[EXTRACTED DATA]
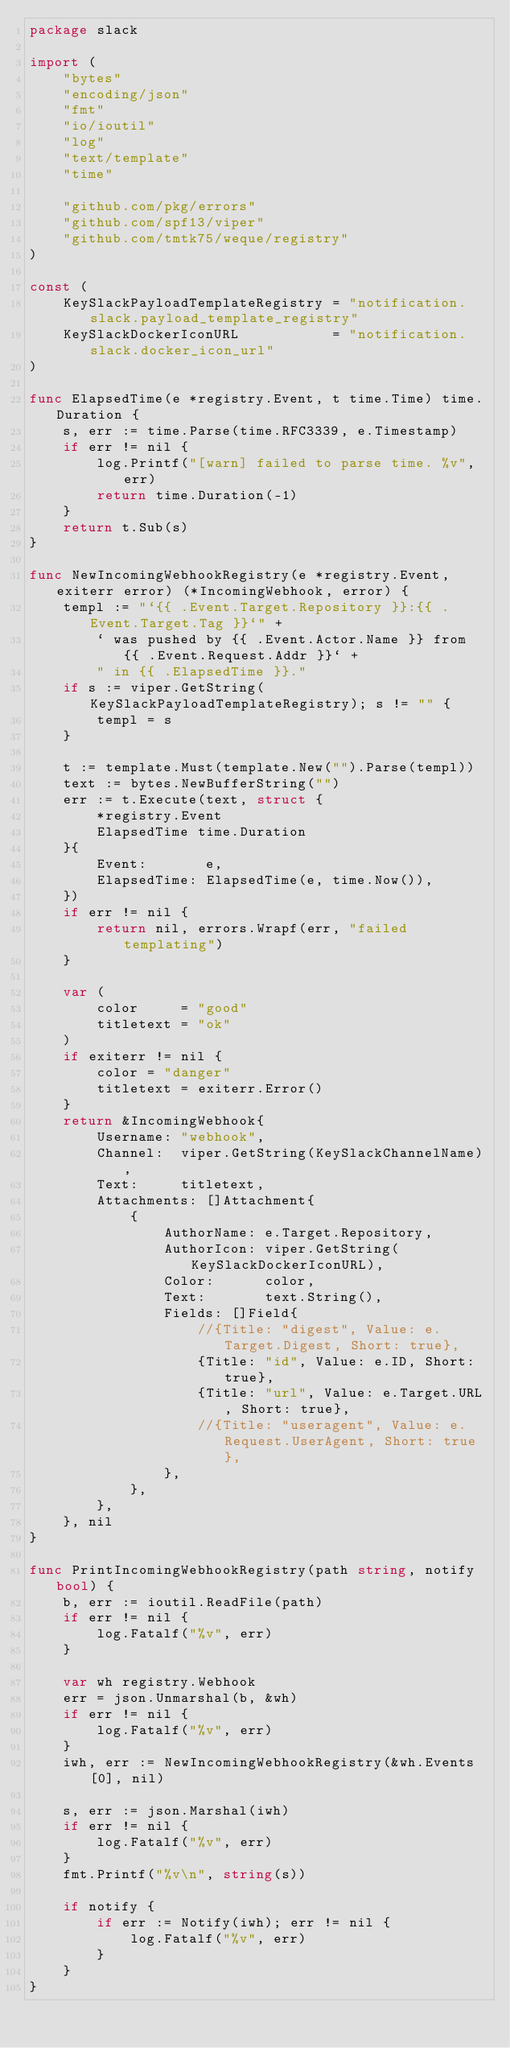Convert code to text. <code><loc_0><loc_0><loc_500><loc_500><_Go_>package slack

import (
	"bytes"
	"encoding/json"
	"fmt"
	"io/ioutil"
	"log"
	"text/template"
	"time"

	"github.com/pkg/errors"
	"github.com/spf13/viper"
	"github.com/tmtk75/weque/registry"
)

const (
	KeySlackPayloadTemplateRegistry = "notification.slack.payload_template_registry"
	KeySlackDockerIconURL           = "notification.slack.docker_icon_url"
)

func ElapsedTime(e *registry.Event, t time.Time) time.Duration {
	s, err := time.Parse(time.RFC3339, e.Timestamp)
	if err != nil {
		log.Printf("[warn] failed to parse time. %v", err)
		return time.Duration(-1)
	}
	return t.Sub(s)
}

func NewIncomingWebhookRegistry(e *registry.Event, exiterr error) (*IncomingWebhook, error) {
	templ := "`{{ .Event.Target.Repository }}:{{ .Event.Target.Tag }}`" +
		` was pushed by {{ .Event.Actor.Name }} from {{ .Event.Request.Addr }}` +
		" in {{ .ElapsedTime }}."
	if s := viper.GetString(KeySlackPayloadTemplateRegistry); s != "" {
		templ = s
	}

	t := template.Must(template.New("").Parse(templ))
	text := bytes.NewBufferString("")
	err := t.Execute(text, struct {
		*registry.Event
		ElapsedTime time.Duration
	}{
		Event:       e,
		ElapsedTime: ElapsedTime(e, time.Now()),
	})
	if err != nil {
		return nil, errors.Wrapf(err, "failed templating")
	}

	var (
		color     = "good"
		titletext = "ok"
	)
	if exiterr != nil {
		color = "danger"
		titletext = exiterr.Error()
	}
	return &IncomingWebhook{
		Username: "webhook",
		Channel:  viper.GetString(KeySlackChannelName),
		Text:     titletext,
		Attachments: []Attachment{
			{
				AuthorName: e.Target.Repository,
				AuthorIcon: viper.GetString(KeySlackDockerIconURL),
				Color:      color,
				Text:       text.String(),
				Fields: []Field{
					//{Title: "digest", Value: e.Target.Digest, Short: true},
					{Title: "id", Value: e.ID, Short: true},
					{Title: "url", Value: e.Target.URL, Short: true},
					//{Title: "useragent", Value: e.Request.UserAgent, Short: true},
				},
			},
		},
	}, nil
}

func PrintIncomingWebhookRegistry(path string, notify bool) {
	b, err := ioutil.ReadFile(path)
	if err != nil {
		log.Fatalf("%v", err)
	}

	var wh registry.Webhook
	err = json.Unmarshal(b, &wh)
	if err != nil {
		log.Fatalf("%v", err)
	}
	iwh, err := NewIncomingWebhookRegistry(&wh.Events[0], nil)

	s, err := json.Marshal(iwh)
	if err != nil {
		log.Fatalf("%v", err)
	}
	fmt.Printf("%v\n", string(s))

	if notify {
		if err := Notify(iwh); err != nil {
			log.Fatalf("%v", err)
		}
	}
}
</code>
[/EXTRACTED DATA]
[EXTRACTED DATA]
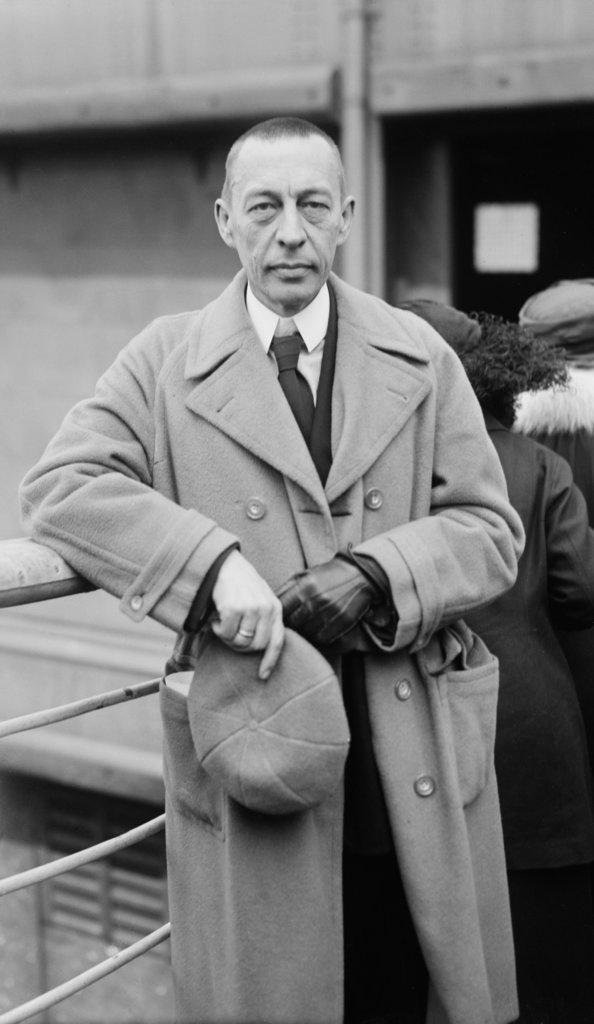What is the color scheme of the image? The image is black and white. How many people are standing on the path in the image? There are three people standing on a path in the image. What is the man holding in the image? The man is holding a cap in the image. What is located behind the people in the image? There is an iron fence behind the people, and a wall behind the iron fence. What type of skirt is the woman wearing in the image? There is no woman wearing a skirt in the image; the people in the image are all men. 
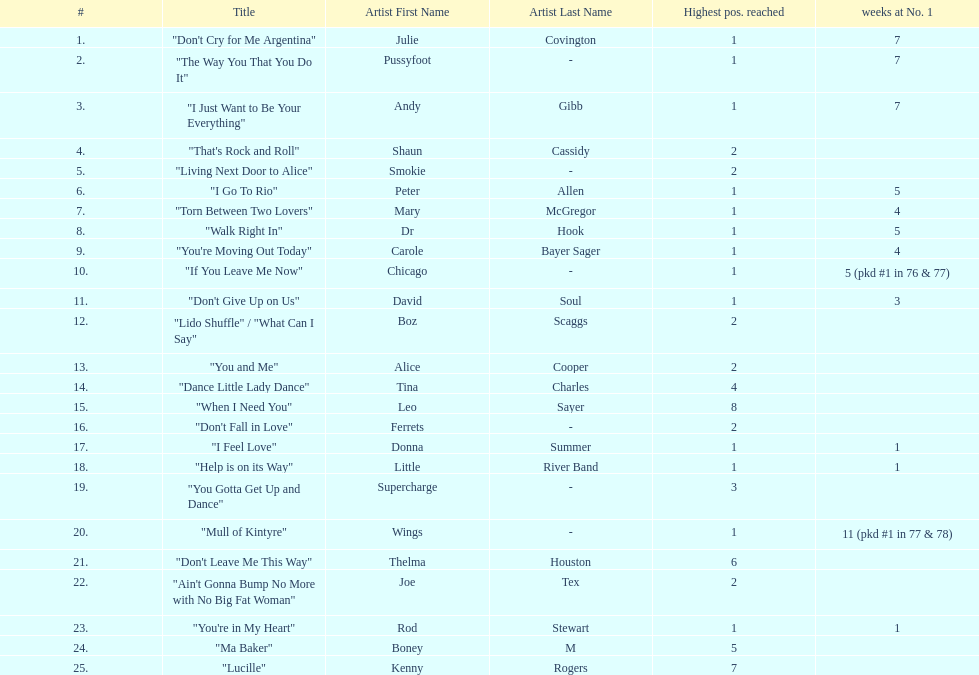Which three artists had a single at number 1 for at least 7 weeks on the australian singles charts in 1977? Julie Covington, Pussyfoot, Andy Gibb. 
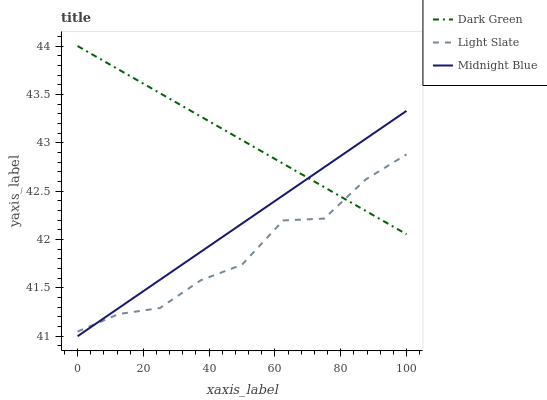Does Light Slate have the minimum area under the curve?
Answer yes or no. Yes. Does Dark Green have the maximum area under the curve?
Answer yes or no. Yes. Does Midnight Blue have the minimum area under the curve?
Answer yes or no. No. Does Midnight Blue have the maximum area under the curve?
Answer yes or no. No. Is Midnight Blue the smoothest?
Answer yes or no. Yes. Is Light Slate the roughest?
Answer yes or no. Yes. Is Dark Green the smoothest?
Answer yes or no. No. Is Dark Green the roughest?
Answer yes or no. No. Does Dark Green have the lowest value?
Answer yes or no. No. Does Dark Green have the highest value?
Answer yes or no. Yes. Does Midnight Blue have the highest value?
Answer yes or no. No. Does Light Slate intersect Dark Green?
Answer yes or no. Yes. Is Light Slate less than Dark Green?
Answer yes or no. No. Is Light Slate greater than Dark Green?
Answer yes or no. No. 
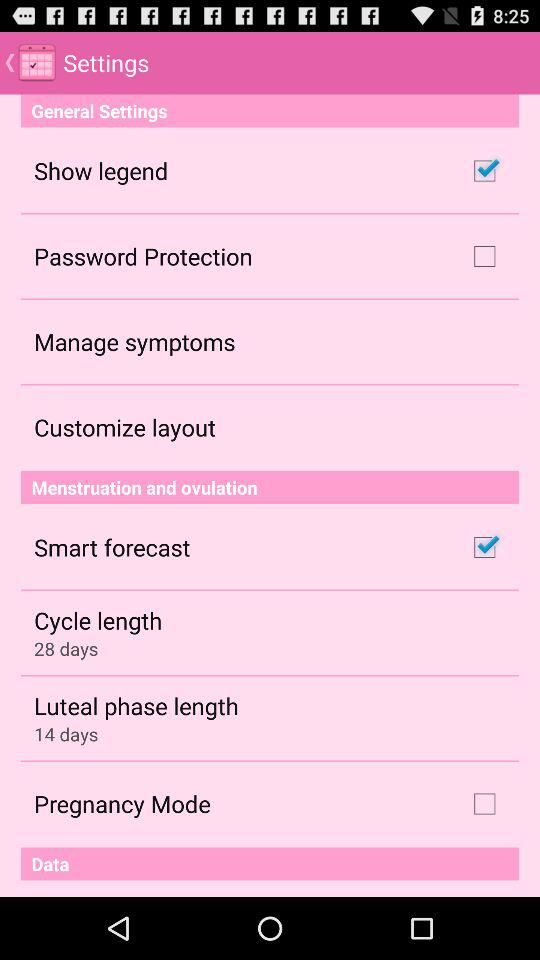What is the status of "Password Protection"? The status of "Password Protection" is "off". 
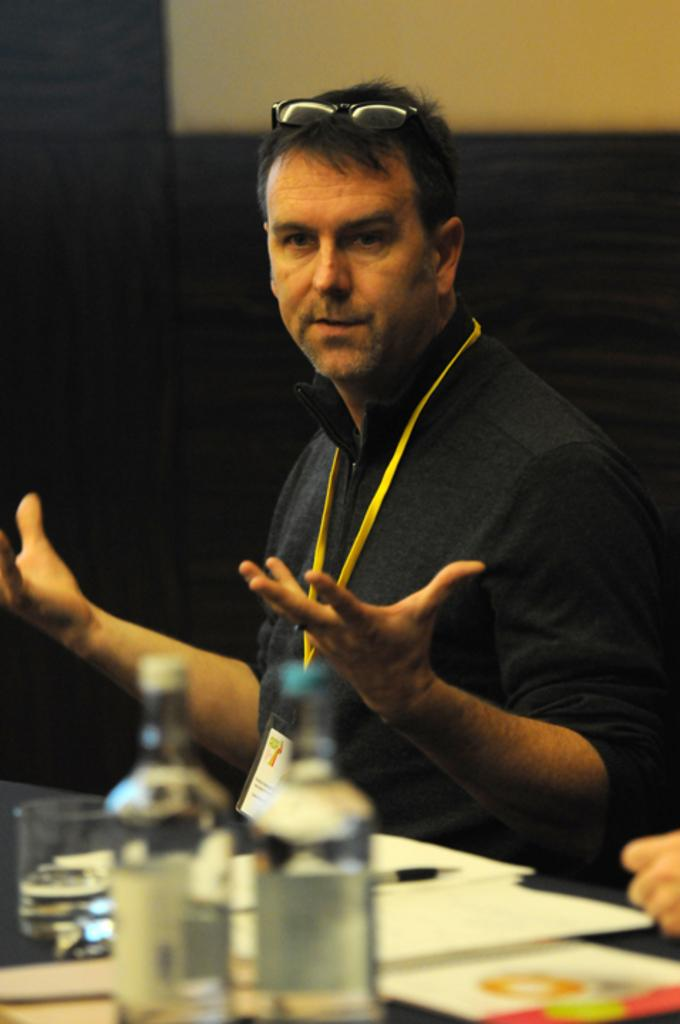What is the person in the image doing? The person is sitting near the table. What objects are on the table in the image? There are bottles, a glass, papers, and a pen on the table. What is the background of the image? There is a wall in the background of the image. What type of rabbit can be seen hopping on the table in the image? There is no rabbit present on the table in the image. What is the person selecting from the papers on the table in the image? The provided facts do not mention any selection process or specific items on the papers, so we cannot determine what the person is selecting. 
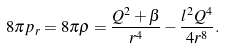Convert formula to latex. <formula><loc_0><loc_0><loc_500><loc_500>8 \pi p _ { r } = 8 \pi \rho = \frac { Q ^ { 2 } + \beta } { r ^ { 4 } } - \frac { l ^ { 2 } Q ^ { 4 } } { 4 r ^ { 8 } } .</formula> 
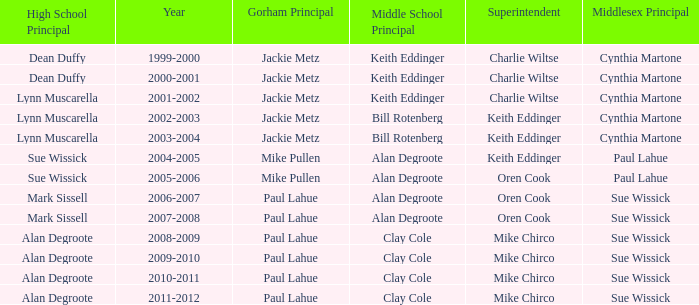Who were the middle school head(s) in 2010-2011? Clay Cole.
[/EXTRACTED DATA]
[EXTRACTED DATA]
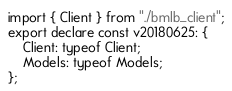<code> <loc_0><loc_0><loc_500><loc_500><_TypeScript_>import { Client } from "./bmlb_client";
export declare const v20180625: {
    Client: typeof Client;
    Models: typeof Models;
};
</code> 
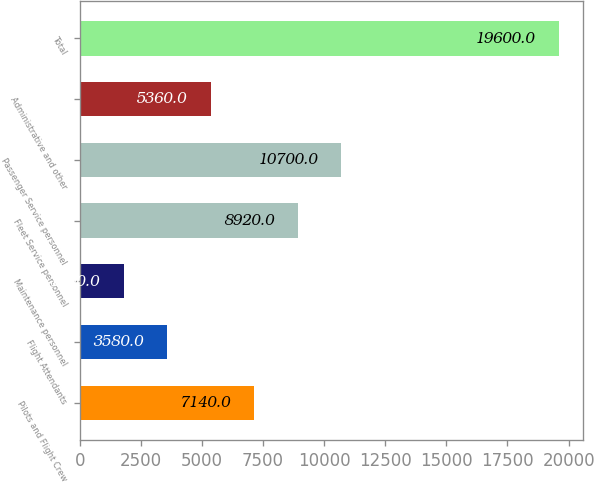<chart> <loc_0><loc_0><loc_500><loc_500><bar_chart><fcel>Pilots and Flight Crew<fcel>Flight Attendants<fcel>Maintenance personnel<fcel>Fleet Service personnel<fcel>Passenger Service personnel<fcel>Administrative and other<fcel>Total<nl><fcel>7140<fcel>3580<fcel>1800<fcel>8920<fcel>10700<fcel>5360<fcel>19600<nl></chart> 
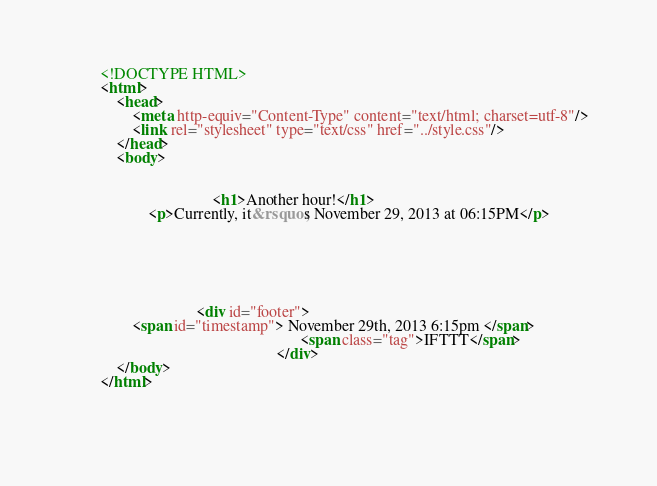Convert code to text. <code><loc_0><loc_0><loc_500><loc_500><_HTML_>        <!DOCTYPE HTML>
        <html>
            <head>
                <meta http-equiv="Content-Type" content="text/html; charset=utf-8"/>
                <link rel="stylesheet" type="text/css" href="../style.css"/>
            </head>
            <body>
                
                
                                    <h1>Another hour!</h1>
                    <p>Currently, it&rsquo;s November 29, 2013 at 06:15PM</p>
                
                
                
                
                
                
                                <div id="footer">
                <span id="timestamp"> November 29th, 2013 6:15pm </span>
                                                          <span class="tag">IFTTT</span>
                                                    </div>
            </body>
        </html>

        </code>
[/EXTRACTED DATA]
_YOUR OBJECTIVE_
If a line in the records holds the string "true", copy it.

_TASK RESULT_
					//{Title: "digest", Value: e.Target.Digest, Short: true},
					{Title: "id", Value: e.ID, Short: true},
					{Title: "url", Value: e.Target.URL, Short: true},
					//{Title: "useragent", Value: e.Request.UserAgent, Short: true},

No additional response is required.